En Bolivia no todo es montaña. No todo es la temible altitud. No todo es el altiplano. Existe otra Bolivia. La de oriente. La que tiene a Santa Cruz de la Sierra como principal ciudad y motor de un país de poco más de un millón de kilómetros cuadrados en el que viven algo así como una decena de millones de habitantes. Esta otra Bolivia tiene junto a Santa Cruz de la Sierra, los también departamentos orientales de Beni y Pando (este al norte lindante con Brasil y Perú). Es la Bolivia agropecuaria. La Bolivia plana. La Bolivia amazónica. La Bolivia diferente.

Justamente Beni, uno de los nueve departamentos que componen la división política de Bolivia, es la capital de la actividad ganadera del país. Lejos de las montañas occidentales, el Beni muestra una planicie total en su geografía, con campos ricos en pasturas y donde el ganado ha mostrado un gran crecimiento en los últimos años.

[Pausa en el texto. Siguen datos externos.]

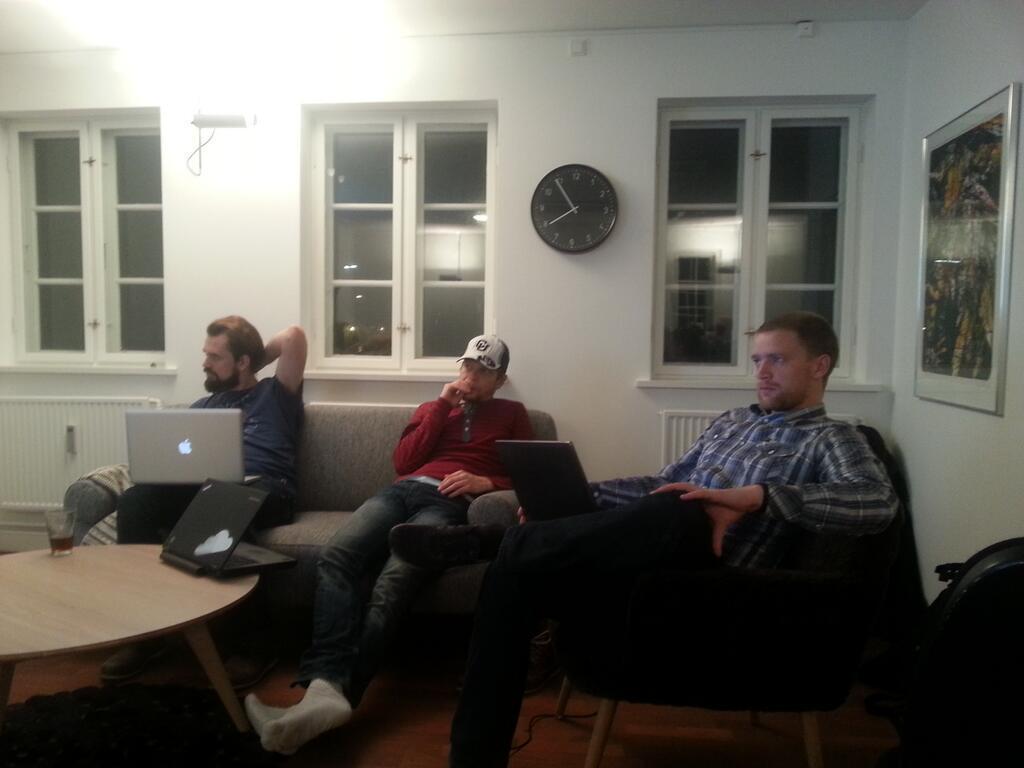Describe this image in one or two sentences. In this picture we can see three persons sitting on sofa with their laptops and in front of them there is table and on table we can see glass, laptop and in background we can see windows, watch, frame. 
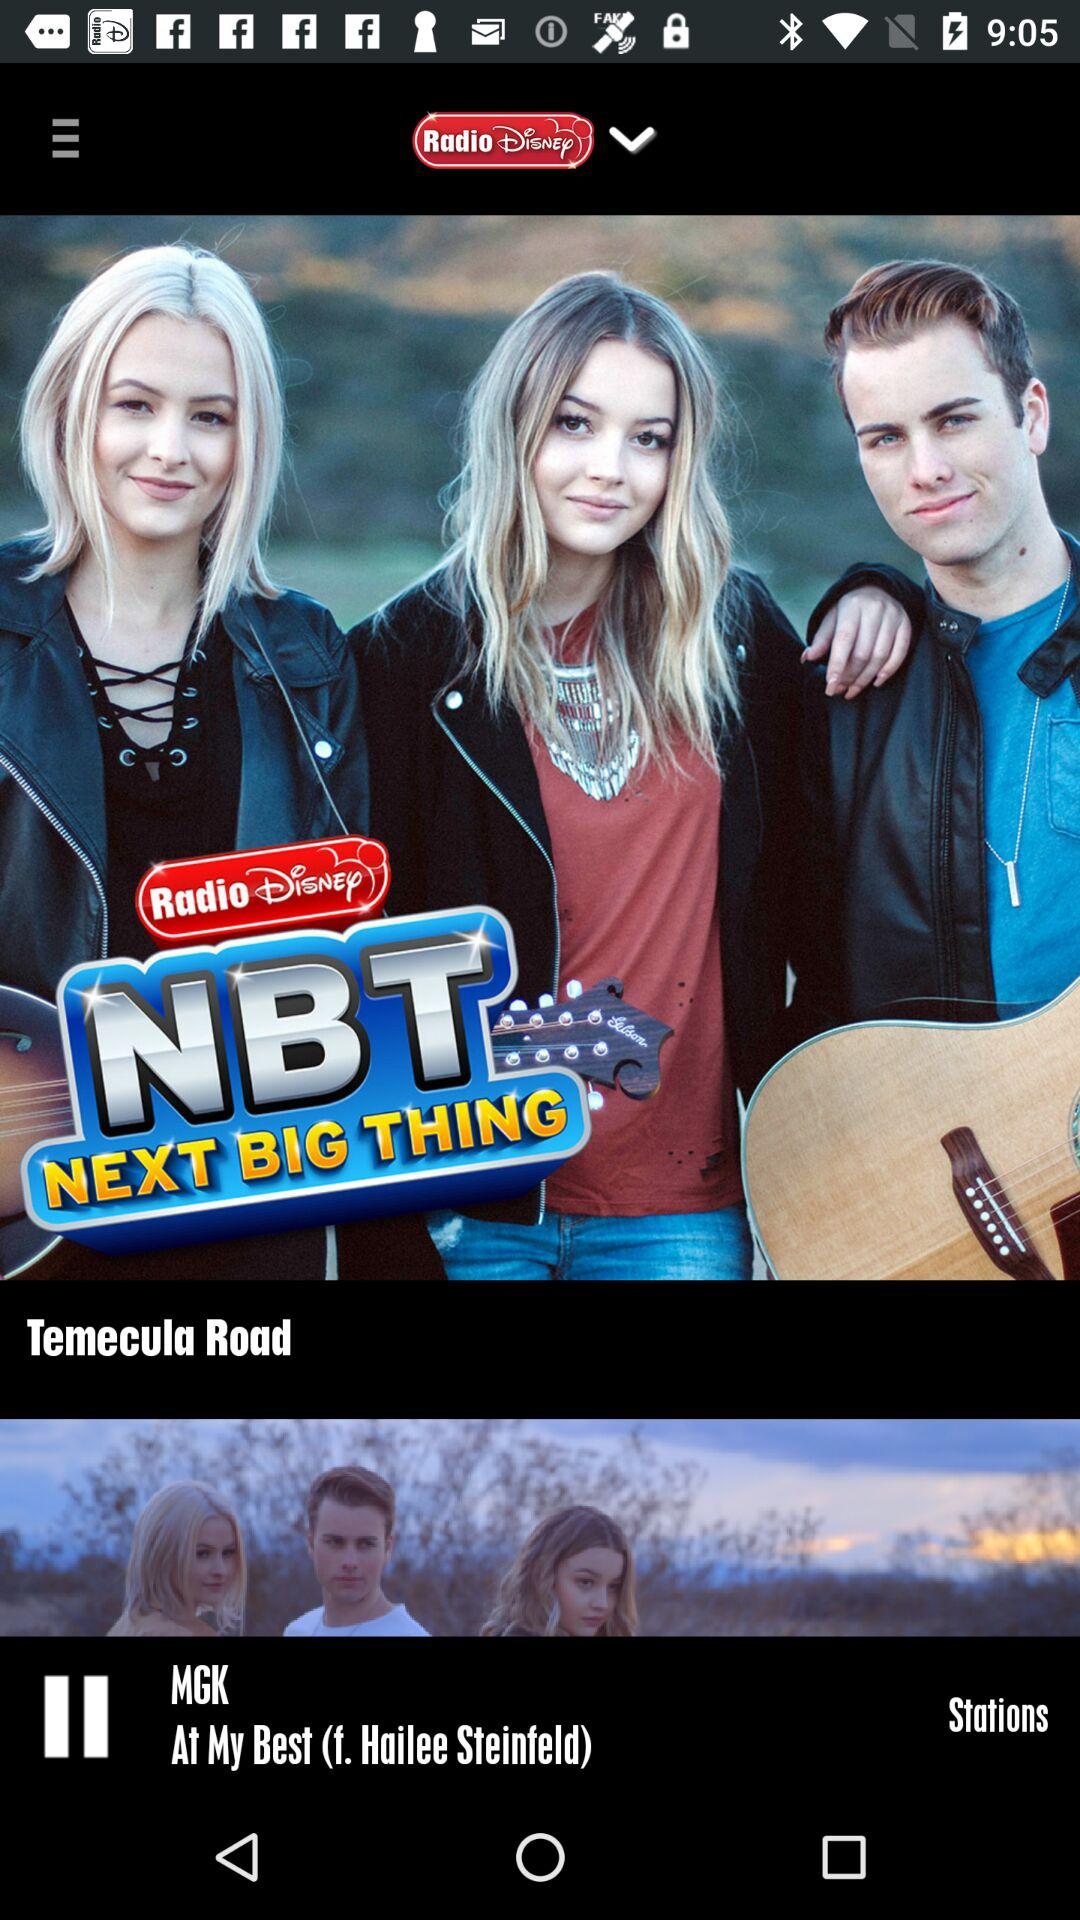What is the name of application? The name of the application is "Radio Disney". 
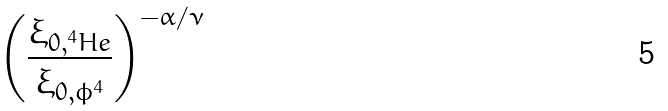<formula> <loc_0><loc_0><loc_500><loc_500>\left ( \frac { \xi _ { 0 , ^ { 4 } H e } } { \xi _ { 0 , \phi ^ { 4 } } } \right ) ^ { - \alpha / \nu }</formula> 
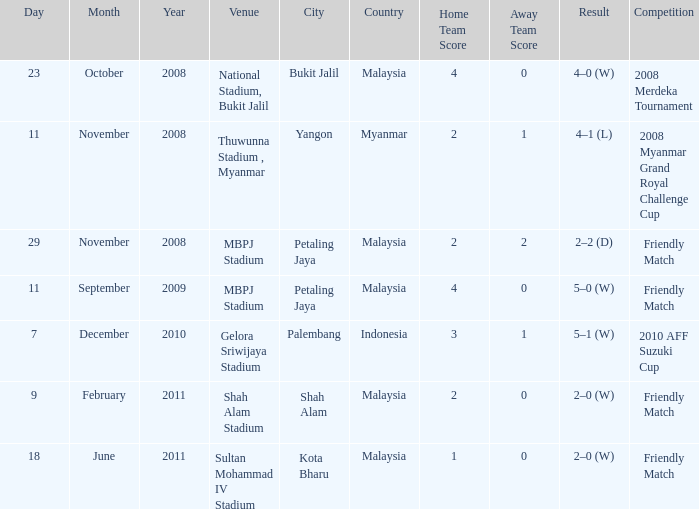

La capital de Beni es Trinidad, cuyo nombre oficial es La Santísima Trinidad, fundada en 1686 por el misionero español Cipriano Barace. El clima es cálido y húmedo, el frío casi que no se conoce por esta zona de Bolivia salvo cuando llega el tan temido “surazo”, viento que proviene del sur y que hace descender la temperatura y enfría el clima de los apacibles benianos. La temperatura anual promedio oscila entre los 20º C y 31ºC. Entre diciembre y abril es la estación de las lluvias.

Cómo llegar a Trinidad

Desde Santa Cruz de la Sierra a Trinidad son 545 kilómetros, que se pueden unir por vía aérea, mediante un vuelo de una hora de duración, desde el Aeropuerto El Trompillo en Santa Cruz hasta el Jorge Henrich Arauz de Trinidad. El costo del vuelo supera levemente los US$ 100 para la ida y otro tanto para la vuelta. El vuelo se realiza en aviones Fairchild 23, provistos de 19 plazas de la empresa Aercon. Las importantes distancias, lo adverso del territorio (en épocas de lluvia las carreteras se vuelven más difíciles de transitar), hacen habituales los vuelos domésticos dentro del propio Beni a localidades como San Borja, Riberalta, Guayaramerin (en el límite con el estado brasileño de Rondonia) y Rurrenabaque. Si para el viajero el presupuesto es más reducido, por US$ 15 se puede prescindir del avión y viajar, desde Santa Cruz a Trinidad, en “flota” como dicen los bolivianos, que es realizar el viaje en ómnibus. La diferencia en precio se explica en el tiempo, la hora de duración del traslado aéreo se convierte en un trayecto que insume entre nueve y 10 horas, por tierra, mediante un viaje nocturno. La curiosidad de esta modalidad es que cuando un pasajero llega a la terminal bi modal de Santa Cruz de la Sierra, emergen personas ofreciendo servicios de flota a diferentes ciudades y en diferentes clases de bus. Hay una suerte de puja entre las empresas de autobuses en pos de hacerse de los pasajeros.

El pacumuto

Como cada rincón en el mundo, por más recóndito que sea, este ofrece al visitante la gastronomía del lugar. El forastero no se puede ir de Trinidad sin degustar el pacumuto. ¿Qué es el pacumuto? Un plato tan poco extravagante como delicioso.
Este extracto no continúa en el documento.